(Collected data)
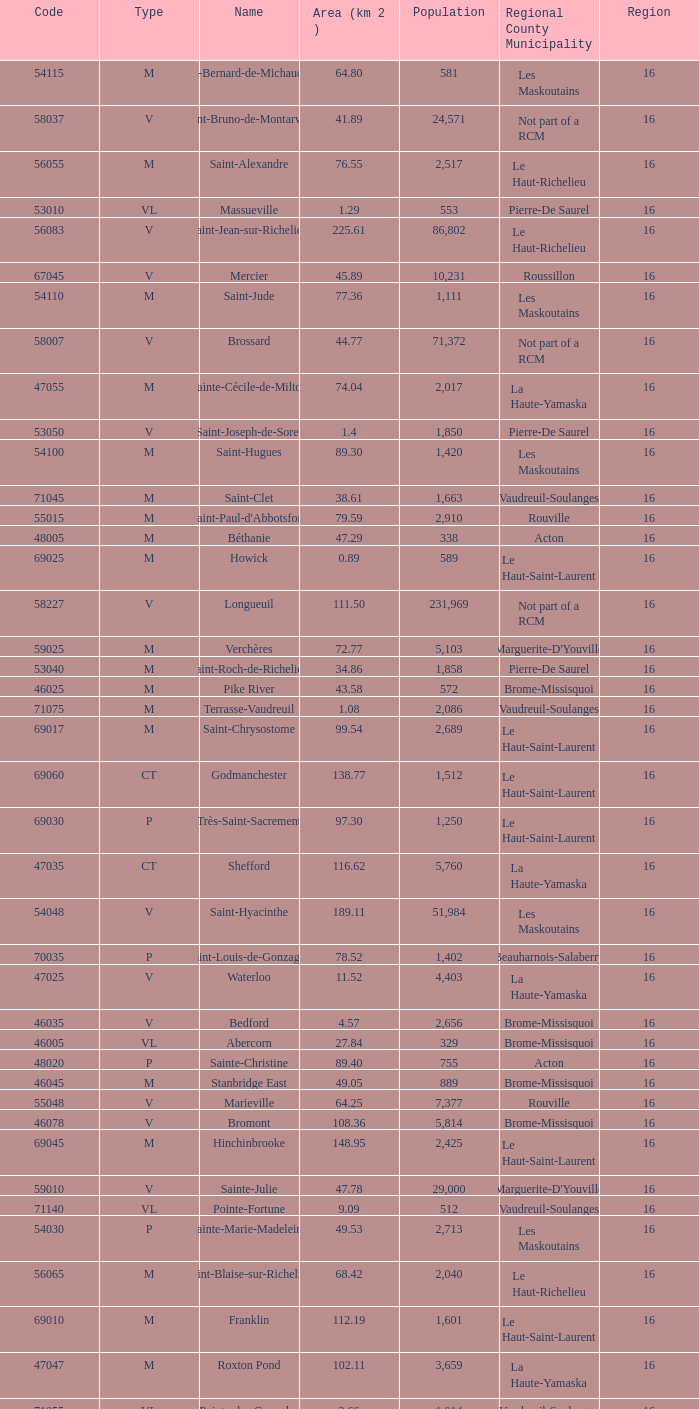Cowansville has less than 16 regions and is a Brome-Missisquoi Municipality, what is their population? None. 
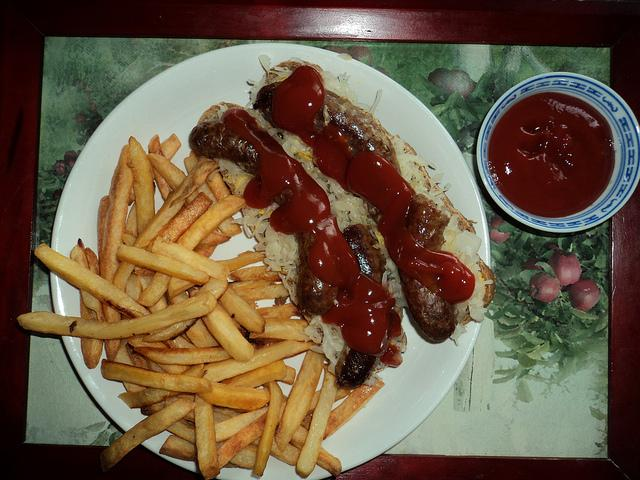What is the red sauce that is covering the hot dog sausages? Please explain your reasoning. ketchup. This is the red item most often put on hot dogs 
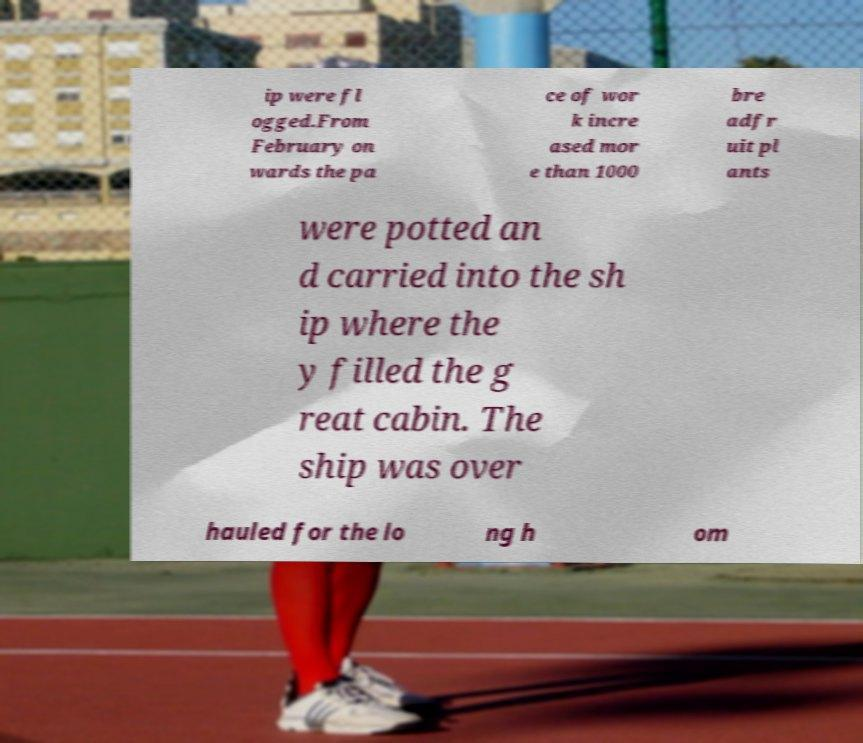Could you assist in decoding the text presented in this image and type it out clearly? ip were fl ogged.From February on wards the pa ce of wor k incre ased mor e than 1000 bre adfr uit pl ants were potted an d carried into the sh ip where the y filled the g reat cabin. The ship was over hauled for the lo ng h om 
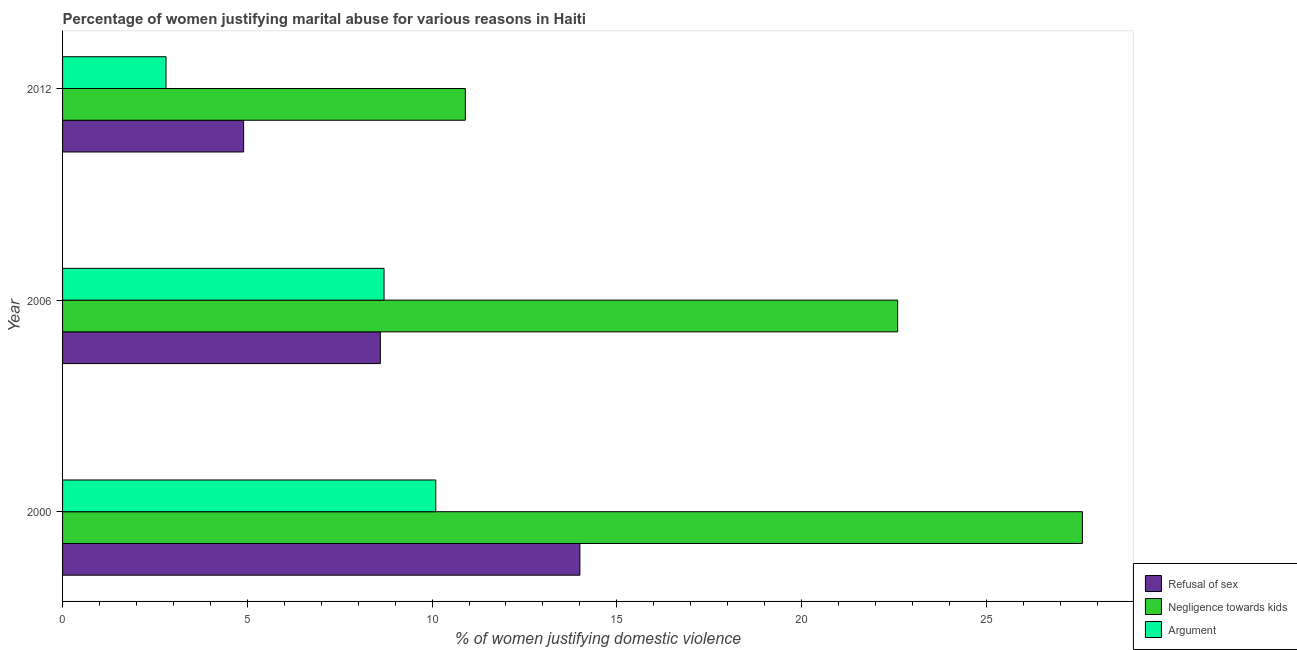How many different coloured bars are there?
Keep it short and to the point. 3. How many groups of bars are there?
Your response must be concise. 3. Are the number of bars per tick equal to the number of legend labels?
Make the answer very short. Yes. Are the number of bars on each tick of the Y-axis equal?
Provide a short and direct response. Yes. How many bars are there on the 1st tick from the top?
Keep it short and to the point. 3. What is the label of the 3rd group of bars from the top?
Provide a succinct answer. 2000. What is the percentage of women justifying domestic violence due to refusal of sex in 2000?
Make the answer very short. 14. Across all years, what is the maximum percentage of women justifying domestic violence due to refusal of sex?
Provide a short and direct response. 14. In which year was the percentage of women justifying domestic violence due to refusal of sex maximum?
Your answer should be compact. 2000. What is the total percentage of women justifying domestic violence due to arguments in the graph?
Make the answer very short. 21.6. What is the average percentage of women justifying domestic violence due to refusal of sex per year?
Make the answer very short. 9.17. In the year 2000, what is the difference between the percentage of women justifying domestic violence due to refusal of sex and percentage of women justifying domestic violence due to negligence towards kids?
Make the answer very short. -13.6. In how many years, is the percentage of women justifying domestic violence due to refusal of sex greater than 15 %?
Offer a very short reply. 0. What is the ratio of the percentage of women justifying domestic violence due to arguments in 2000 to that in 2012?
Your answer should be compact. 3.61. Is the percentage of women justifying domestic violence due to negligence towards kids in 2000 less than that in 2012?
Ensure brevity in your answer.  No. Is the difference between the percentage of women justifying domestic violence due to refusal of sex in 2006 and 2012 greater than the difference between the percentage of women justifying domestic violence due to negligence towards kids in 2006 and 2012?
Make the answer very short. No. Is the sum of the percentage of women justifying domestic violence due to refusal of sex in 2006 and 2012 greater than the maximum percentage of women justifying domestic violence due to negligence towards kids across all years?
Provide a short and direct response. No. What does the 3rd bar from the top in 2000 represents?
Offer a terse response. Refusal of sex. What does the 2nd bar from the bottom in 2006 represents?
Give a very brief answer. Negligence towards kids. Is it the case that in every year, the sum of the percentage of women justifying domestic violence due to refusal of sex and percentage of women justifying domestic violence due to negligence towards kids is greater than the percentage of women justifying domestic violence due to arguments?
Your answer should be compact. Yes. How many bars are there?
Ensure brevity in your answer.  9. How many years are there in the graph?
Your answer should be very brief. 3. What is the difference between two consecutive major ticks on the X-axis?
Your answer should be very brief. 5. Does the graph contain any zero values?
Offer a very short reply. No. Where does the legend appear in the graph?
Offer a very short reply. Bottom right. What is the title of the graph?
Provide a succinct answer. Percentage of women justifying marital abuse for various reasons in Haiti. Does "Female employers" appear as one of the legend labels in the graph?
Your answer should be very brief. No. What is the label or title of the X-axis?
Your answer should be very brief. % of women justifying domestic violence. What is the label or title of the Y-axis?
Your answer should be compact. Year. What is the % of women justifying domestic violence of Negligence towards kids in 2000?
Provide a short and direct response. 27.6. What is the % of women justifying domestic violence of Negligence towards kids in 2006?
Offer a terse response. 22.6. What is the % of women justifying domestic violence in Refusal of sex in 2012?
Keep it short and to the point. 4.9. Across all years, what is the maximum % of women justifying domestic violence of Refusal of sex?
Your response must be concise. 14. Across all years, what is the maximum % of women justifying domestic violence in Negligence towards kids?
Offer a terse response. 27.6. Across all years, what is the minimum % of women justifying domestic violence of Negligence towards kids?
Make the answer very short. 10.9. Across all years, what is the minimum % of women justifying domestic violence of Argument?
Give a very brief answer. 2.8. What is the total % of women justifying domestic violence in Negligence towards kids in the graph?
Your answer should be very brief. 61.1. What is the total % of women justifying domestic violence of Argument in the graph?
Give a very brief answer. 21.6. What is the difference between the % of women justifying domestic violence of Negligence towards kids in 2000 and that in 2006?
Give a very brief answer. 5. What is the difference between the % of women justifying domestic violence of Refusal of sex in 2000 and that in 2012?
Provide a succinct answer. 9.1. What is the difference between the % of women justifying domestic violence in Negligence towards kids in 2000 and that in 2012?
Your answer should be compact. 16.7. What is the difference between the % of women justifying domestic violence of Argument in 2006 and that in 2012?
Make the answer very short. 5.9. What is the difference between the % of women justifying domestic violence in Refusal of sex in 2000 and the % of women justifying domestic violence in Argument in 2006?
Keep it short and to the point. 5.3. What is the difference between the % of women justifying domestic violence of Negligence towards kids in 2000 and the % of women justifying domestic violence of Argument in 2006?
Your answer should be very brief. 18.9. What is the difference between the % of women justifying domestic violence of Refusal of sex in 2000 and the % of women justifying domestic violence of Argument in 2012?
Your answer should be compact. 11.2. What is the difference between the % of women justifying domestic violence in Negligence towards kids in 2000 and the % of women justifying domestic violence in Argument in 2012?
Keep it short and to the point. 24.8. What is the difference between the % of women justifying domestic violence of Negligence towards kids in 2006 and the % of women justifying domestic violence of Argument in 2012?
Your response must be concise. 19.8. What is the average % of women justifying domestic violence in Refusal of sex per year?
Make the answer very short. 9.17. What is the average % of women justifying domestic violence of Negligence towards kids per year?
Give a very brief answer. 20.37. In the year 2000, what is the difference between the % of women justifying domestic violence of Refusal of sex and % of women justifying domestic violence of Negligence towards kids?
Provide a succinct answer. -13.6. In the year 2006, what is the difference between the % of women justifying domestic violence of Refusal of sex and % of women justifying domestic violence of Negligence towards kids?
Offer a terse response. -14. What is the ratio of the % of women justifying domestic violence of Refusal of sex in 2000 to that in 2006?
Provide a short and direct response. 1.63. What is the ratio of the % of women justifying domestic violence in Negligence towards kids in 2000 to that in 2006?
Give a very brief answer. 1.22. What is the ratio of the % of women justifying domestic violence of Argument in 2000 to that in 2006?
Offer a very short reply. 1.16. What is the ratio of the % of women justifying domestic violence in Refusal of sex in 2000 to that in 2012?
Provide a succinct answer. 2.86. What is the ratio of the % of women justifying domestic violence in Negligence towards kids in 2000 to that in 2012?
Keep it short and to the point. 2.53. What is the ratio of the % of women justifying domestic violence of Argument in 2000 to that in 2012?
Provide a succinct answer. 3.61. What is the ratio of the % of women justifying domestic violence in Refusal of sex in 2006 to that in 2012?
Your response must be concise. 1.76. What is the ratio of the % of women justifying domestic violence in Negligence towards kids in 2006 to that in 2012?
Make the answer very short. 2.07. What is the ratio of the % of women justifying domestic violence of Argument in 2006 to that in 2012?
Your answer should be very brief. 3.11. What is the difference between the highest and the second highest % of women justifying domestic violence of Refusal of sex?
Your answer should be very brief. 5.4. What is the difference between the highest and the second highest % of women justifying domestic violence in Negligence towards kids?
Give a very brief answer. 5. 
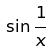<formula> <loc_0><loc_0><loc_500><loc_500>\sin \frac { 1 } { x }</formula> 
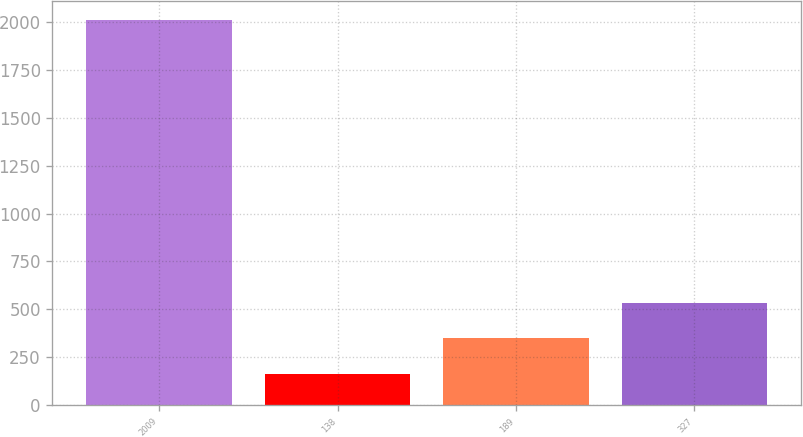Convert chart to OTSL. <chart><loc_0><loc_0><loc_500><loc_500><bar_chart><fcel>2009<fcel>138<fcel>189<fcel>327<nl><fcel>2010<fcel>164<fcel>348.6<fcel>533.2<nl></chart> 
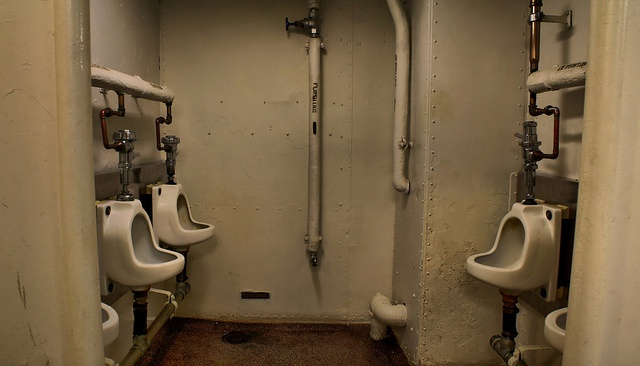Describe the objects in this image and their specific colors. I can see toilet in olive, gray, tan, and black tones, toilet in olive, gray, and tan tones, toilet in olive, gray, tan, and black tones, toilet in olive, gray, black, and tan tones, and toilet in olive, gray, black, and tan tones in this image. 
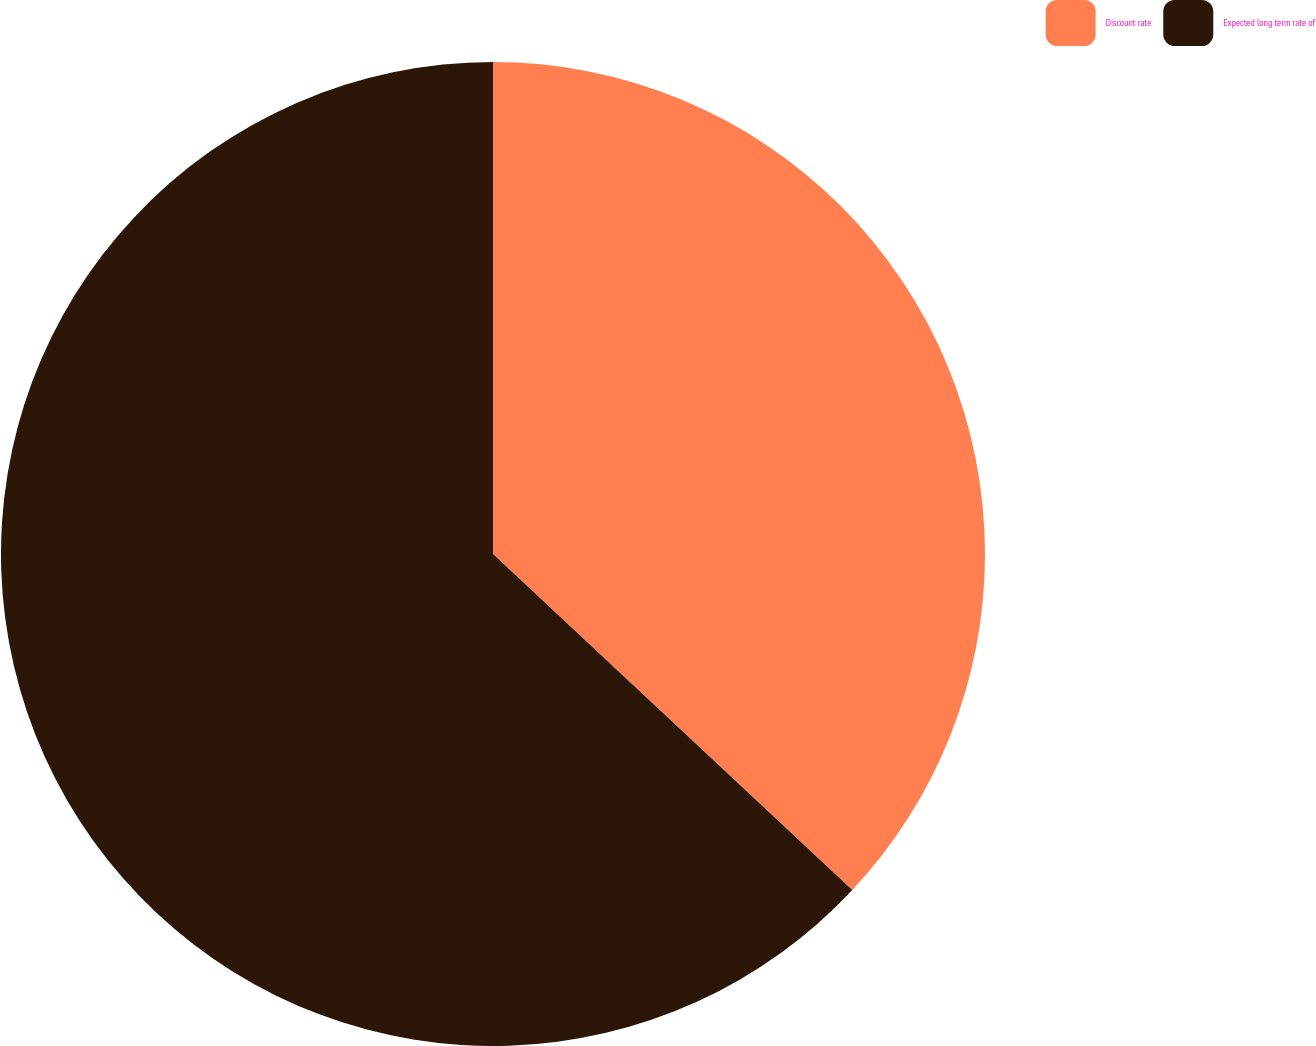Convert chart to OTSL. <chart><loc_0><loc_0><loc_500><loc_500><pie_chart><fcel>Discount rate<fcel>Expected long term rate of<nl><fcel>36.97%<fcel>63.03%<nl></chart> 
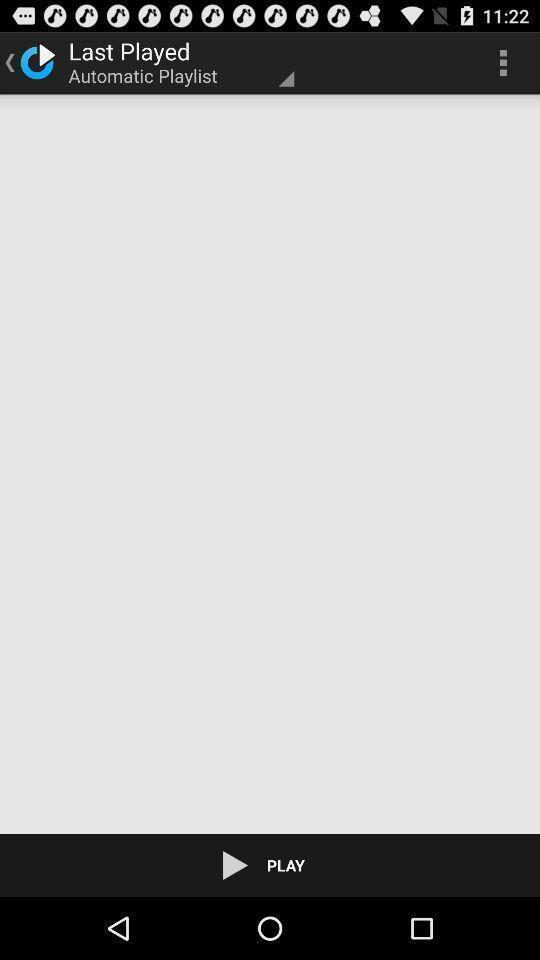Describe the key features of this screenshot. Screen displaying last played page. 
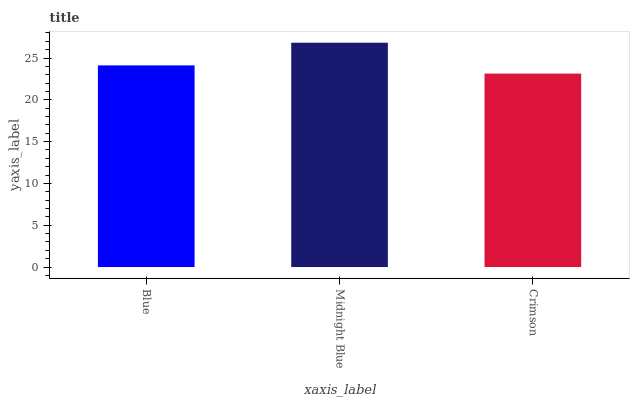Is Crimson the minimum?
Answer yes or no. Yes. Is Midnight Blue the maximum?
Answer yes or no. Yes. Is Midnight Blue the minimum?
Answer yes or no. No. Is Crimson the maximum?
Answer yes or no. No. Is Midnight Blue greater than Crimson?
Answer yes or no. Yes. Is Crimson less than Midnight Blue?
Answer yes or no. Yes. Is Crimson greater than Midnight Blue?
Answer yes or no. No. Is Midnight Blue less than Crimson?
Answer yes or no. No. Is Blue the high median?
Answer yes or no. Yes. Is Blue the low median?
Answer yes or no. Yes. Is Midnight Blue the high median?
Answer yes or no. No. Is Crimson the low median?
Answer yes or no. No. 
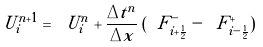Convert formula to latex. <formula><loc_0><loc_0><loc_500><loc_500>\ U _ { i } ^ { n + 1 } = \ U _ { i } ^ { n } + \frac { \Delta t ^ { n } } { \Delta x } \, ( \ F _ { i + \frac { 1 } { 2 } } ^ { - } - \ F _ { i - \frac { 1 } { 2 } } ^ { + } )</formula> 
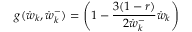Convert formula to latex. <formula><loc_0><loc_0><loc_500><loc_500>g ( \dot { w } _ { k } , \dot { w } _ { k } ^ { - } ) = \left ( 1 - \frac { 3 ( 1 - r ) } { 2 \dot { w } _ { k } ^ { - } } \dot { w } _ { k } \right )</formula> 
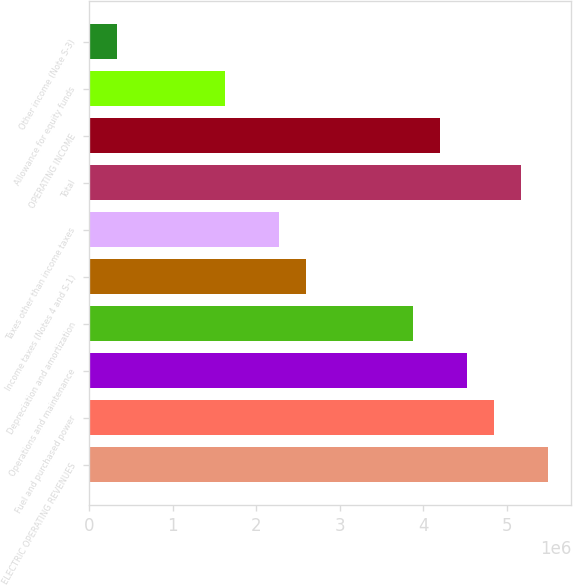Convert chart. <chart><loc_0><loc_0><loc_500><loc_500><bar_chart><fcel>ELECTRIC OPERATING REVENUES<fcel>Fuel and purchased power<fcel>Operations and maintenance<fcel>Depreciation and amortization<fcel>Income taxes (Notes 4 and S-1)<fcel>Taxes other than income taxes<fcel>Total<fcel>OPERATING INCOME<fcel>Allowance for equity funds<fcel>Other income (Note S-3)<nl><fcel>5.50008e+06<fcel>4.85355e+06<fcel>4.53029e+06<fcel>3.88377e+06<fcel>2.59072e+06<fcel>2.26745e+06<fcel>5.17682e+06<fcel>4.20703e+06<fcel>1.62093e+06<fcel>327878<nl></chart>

**What is being asked:** Set down precisely the lines above between the line holding "Provide a succinct answer. 2000." and the line holding "Make the answer very short. 14.", inclusive, and nothing beyond them.

**Solution for this problem:**
Provide a succinct answer. 2000. What is the percentage of women justifying domestic violence due to refusal of sex in 2000?
Make the answer very short. 14. Across all years, what is the maximum percentage of women justifying domestic violence due to refusal of sex?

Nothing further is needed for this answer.